Many of the obstacles to the widespread use of value-added ratings have been overcome in recent years. Thanks in part to the passage of No Child Left Behind, schools all over the country are on their way to testing every year from 3rd to 8th grade–a prerequisite for the value-added methodology. States are also beefing up their computer and statistical resources. Researchers are still working to address some of the toughest technical issues raised by the value-added method, such as how to measure students who move from school to school and how to compare scores on a subject year-to-year when the curriculum changes. But enough progress has been made that more and more states are looking at the value-added idea.
Ohio and Pennsylvania have launched their own value-added systems, and New York City, the nation’s largest school district, plans to do the same. In the United Kingdom, the Blair government is instituting a national value-added school-rating program. And even U.S. Secretary of Education Spellings has arranged a panel to consider assessment alternatives that might include value added. If Spellings doesn’t wind up advocating the value-added metric for NCLB, Kress hopes Congress will. “[Value added] ought to be one of the central improvements made to NCLB when it’s reauthorized in two years,” he told me.
There’s an argument for replacing the adequate yearly progress method mandated by NCLB with value-added. But the political obstacles to doing so would be considerable. The idea that there should be one standard for all students, regardless of race or income, and that all schools should be held responsible for meeting those standards, is the gravity that holds the liberal and conservative sides of the school reform movement together. Moreover, setting that single standard for all students does seem to have the effect of lifting the aspirations of parents, students, and teachers in many low-income schools, and sparking a sense of panic that is not unhelpful given the dismal performance of many of these schools. Dropping the standards approach entirely makes no sense politically or policy-wise.
One solution might be to publish scores from both the standards-based and value-added methods but to tie rewards and sanctions only to the latter. Another would be to combine the two ratings strategies. That’s what Dallas has done in recent years, Tennessee wants to do, and value-added advocates like Sandy Kress support.

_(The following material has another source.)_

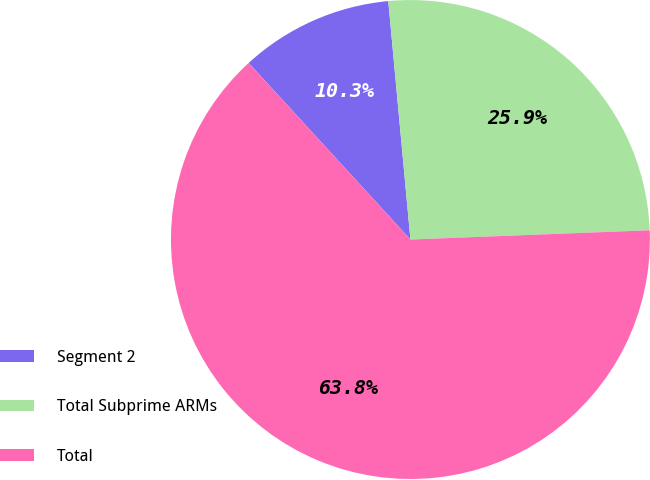<chart> <loc_0><loc_0><loc_500><loc_500><pie_chart><fcel>Segment 2<fcel>Total Subprime ARMs<fcel>Total<nl><fcel>10.33%<fcel>25.86%<fcel>63.81%<nl></chart> 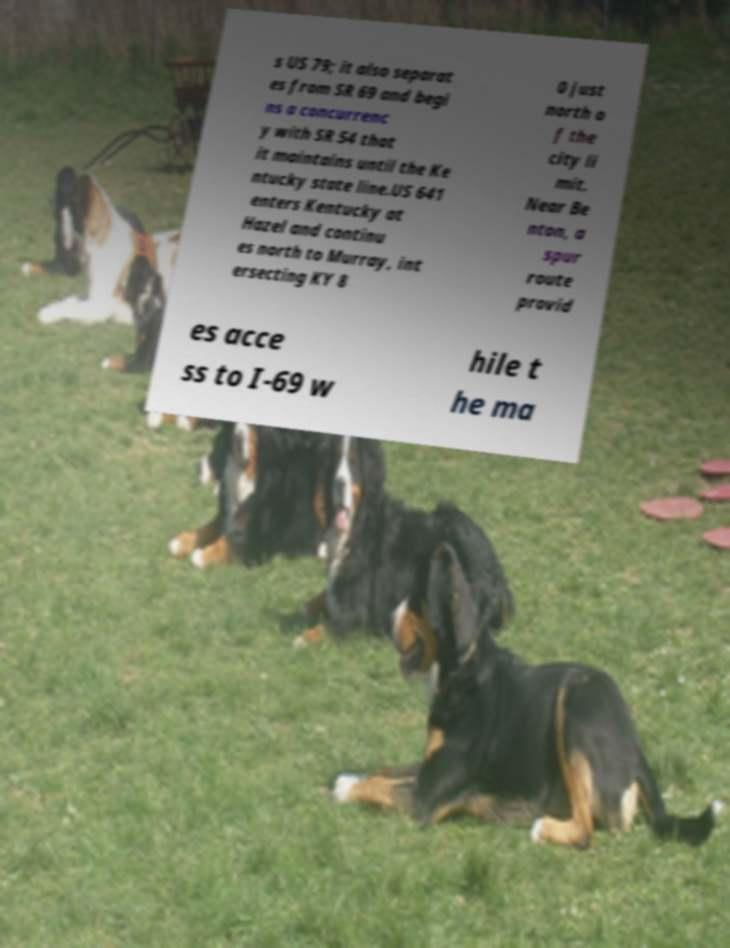Please read and relay the text visible in this image. What does it say? s US 79; it also separat es from SR 69 and begi ns a concurrenc y with SR 54 that it maintains until the Ke ntucky state line.US 641 enters Kentucky at Hazel and continu es north to Murray, int ersecting KY 8 0 just north o f the city li mit. Near Be nton, a spur route provid es acce ss to I-69 w hile t he ma

From the outside, Marcus Elementary doesn’t look like much. The front yard is a derelict landscape of dirt and crab grass. Torn shades hang awry in the school’s aging window frames. But its library is bustling, its classrooms are lively, and its hallways are filled with students’ work. It’s not what you’d imagine a school filled with desperately poor, non-English-speaking students would be like. But seeing it up close, you can begin to imagine a better future for American education.
Marcus’ Principal Rodriguez, a short, cheerful man in his mid-30s, told me when we met in his spare, painted-cinderblock office, that his emotions were split between an excitement at the possibilities offered by value added and the problems he has to deal with because of No Child Left Behind. He was pleased that the Dallas rating system has recognized Marcus for the strong school that it is–even as he chafed at the fact that under NCLB he’s expected to produce the same results as his counterparts in rich school systems like nearby Highland Park. “One system’s fair,” he told me. “One isn’t.”